L’Italie du Nord, berceau de Milan, de Turin et de Venise, est souvent perçue comme le cœur industriel et européen de la péninsule. Pourtant, bien avant la puissance romaine, cette riche plaine du Pô fut l’une des terres les plus celtiques d’Europe méridionale. Pendant près de six siècles, des peuples gaulois – Insubres, Cénomans, Boïens, Sénons – y fondèrent des oppida, cultivèrent la terre, forgèrent des armes et développèrent une civilisation brillante et originale, à la croisée des influences hallstattiennes, étrusques et méditerranéennes.

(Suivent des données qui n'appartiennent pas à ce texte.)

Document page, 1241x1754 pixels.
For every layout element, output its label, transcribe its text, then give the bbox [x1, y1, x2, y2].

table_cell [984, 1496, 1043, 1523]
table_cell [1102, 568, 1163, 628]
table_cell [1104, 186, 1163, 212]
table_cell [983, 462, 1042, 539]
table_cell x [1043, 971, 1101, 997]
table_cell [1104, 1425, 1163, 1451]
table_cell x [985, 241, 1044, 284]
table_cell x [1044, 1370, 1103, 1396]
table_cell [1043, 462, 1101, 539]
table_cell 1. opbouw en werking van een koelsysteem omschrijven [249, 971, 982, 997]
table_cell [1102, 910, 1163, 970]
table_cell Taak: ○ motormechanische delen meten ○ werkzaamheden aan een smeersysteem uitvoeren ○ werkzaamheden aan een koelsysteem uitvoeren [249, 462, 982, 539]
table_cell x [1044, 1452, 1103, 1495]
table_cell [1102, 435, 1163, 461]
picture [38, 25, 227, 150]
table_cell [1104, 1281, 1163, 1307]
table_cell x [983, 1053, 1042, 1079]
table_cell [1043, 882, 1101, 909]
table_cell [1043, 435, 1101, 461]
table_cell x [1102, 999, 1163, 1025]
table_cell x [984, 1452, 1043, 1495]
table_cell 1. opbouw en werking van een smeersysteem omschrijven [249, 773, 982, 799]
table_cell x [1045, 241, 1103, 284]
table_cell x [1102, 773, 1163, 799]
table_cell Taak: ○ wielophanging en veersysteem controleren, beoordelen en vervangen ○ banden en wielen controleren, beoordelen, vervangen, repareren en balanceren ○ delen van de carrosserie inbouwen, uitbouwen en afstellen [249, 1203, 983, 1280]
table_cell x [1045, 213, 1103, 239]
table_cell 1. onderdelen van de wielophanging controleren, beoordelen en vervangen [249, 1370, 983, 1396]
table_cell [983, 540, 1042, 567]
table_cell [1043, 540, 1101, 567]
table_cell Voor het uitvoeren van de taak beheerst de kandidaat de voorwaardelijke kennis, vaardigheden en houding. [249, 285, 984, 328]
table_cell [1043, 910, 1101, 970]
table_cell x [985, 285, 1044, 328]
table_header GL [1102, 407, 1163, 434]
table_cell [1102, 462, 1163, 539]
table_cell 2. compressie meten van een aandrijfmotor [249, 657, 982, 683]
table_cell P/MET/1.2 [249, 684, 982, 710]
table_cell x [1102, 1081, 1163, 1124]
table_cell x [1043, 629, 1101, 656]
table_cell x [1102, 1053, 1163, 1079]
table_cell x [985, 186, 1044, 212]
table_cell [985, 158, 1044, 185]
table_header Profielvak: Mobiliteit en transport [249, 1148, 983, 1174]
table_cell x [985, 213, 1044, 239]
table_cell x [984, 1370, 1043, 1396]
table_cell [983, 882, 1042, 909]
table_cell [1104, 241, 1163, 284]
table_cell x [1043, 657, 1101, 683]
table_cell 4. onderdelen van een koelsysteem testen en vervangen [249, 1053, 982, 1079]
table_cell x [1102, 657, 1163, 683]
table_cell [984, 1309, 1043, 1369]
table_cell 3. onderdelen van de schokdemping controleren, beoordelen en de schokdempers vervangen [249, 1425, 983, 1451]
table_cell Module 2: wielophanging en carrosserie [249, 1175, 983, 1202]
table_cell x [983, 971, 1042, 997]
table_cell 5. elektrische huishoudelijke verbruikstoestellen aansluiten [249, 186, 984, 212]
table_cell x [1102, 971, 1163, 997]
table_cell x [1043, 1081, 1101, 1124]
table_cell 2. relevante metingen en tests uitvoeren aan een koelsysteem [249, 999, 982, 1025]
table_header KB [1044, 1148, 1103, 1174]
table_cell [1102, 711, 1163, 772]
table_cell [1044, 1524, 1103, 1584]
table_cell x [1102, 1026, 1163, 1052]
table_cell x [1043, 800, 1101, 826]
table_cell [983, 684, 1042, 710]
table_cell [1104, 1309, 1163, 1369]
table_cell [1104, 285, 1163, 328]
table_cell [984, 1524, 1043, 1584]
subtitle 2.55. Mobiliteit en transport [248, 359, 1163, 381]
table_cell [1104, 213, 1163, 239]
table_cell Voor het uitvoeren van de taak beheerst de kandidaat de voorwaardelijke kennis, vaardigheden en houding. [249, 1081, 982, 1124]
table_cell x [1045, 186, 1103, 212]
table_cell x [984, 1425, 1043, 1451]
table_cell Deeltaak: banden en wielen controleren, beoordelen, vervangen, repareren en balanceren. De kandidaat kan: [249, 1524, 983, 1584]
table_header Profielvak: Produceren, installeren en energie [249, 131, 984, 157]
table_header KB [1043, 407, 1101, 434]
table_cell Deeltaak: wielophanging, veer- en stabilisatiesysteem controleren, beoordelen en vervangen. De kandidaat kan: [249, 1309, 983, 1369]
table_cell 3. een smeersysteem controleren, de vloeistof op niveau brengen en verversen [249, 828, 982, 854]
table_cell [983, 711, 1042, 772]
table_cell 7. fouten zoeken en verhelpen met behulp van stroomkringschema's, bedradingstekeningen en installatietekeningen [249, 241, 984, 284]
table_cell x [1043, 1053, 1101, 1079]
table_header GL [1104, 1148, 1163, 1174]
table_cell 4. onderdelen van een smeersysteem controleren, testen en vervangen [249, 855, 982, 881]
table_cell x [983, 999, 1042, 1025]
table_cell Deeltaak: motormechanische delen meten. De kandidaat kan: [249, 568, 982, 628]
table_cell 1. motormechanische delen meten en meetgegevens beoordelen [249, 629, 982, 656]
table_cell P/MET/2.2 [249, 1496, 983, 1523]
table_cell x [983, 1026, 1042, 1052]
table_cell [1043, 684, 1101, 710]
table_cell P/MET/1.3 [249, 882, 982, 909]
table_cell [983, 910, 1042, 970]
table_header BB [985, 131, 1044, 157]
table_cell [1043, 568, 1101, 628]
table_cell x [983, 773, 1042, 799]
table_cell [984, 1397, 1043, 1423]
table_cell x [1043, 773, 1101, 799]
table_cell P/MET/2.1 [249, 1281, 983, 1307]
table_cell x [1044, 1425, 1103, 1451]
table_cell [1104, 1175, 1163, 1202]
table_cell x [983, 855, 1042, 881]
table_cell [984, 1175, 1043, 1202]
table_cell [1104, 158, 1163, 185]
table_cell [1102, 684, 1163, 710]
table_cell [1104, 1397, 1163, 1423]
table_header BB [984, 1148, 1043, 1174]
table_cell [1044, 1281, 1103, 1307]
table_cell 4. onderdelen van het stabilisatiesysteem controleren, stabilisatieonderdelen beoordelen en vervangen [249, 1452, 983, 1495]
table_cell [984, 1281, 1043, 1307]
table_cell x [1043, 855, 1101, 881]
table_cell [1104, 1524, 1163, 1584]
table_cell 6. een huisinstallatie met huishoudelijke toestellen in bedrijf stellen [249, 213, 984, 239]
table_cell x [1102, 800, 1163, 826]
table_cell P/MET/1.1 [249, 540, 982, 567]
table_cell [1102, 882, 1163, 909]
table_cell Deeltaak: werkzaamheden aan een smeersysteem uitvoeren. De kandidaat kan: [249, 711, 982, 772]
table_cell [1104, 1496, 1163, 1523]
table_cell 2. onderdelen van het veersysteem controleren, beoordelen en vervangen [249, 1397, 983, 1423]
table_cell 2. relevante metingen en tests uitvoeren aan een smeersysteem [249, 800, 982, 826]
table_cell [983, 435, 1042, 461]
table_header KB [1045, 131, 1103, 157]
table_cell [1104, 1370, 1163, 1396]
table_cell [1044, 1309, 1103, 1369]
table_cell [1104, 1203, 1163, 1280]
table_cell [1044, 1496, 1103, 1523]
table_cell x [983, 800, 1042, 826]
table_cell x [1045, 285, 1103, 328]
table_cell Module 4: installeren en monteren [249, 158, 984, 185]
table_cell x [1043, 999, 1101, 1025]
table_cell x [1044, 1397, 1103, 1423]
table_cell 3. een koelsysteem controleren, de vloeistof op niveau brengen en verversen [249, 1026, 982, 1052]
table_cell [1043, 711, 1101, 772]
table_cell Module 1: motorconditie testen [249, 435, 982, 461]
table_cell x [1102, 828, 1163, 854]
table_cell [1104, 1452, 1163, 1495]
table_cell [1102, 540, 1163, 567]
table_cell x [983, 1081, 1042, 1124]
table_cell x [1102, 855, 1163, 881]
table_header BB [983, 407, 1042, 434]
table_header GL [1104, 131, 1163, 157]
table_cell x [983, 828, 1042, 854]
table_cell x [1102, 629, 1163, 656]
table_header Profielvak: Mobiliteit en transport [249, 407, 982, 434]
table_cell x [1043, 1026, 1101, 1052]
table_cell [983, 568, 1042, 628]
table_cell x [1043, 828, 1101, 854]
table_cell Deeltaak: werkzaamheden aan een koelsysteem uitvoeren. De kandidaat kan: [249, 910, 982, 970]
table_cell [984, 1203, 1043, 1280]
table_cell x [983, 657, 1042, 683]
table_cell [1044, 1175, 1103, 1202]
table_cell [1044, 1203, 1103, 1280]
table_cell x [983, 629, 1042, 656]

Cette histoire des origines celtiques de l’Italie septentrionale retrace, en trois parties, le long parcours de ces communautés : des racines proto-celtiques de l’âge du Bronze jusqu’à l’apogée de la Gaule cisalpine, puis de la conquête romaine jusqu’à l’héritage vivant qui imprègne encore aujourd’hui la toponymie, la culture et même le débat identitaire contemporain.
1.1 Le substrat proto-celtique : de l’âge du Bronze final à la culture de Canegrate (XIIe – IXe siècle av. J.-C.)

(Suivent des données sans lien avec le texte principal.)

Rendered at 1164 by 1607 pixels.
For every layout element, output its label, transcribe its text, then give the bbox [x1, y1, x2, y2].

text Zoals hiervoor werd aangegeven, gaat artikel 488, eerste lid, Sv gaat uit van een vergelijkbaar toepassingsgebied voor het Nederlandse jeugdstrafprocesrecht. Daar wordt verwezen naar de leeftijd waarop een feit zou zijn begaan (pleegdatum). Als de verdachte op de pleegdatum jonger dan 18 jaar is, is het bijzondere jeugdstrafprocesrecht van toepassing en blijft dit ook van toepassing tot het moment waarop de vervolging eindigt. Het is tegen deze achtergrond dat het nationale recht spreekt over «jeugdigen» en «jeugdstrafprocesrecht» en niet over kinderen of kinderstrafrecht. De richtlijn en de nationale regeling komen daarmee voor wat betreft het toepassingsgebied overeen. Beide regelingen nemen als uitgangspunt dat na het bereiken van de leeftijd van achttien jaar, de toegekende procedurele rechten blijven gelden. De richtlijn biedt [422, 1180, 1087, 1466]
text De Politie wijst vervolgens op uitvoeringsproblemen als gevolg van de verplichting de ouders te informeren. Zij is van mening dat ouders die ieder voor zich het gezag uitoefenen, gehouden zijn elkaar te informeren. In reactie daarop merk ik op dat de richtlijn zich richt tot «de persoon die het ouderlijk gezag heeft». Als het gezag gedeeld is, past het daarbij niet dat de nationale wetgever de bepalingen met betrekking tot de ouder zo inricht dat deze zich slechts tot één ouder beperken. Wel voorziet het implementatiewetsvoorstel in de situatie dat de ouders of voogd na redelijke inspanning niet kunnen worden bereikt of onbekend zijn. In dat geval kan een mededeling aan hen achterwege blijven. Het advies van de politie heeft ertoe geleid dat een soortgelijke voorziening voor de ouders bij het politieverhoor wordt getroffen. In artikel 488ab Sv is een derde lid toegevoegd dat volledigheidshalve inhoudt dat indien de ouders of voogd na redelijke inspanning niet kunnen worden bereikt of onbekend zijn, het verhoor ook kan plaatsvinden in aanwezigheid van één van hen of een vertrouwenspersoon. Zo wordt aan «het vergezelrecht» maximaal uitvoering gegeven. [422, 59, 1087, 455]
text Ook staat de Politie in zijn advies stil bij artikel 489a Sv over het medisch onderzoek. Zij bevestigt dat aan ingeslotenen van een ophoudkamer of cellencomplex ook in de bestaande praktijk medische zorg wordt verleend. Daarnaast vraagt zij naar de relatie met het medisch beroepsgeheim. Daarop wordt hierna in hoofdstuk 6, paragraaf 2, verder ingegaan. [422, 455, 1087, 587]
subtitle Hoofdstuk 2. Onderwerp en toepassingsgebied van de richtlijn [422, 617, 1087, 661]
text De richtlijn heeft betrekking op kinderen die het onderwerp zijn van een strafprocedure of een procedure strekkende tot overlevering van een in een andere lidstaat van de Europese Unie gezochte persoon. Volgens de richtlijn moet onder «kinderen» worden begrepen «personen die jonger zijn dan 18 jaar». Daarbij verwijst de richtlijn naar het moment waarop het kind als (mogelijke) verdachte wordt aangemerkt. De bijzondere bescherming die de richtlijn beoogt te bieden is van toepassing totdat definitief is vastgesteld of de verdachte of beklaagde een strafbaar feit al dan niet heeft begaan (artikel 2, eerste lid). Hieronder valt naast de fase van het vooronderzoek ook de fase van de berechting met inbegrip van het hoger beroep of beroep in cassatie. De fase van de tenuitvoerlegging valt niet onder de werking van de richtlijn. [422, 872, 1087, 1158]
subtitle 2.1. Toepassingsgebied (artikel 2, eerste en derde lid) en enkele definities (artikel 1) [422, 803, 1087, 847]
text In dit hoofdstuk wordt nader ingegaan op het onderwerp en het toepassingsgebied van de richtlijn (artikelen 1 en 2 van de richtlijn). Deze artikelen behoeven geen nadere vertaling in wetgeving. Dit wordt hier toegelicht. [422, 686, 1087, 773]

1.1 Le contexte géographique et les premières transformations
L’Italie du Nord, avec ses vastes plaines alluviales du Pô, ses lacs glaciaires et ses cols alpins, constitue un carrefour naturel entre l’Europe centrale et la Méditerranée. Dès la fin de l’âge du Bronze (vers 1300-1100 av. J.-C.), cette région connaît des changements profonds. La culture de Canegrate, centrée sur la Lombardie occidentale et le Tessin, marque le début d’une phase de transition. Les nécropoles à incinération, les urnes biconiques décorées et les premières épées à antennes témoignent d’une population indo-européenne qui pratique une agriculture sédentaire et un élevage intensif. Ces groupes ne sont pas encore pleinement « celtiques », mais ils forment un substrat proto-celtique. Les linguistes y reconnaissent les racines de termes qui apparaîtront plus tard dans les langues celtiques : brig- (hauteur fortifiée), magos (plaine) ou medios (milieu). Les échanges avec les cultures nord-alpines (via les cols du Grand-Saint-Bernard ou du Splügen) introduisent des techniques métallurgiques nouvelles, préparant le terrain pour l’émergence d’une identité culturelle distincte.
1.2. Les premiers indices linguistiques et culturels
Les toponymes les plus anciens de la région (comme Ticinus pour le Tessin) portent déjà la marque d’une influence indo-européenne proche du futur celtique. Cette période voit également l’apparition de pratiques funéraires standardisées : incinération dans des urnes, dépôts d’armes brisées, qui préfigurent les rites celtiques ultérieurs.
2. L’épanouissement de la culture de Golasecca : un âge d’or pré-celtique (IXe – Ve siècle av. J.-C.)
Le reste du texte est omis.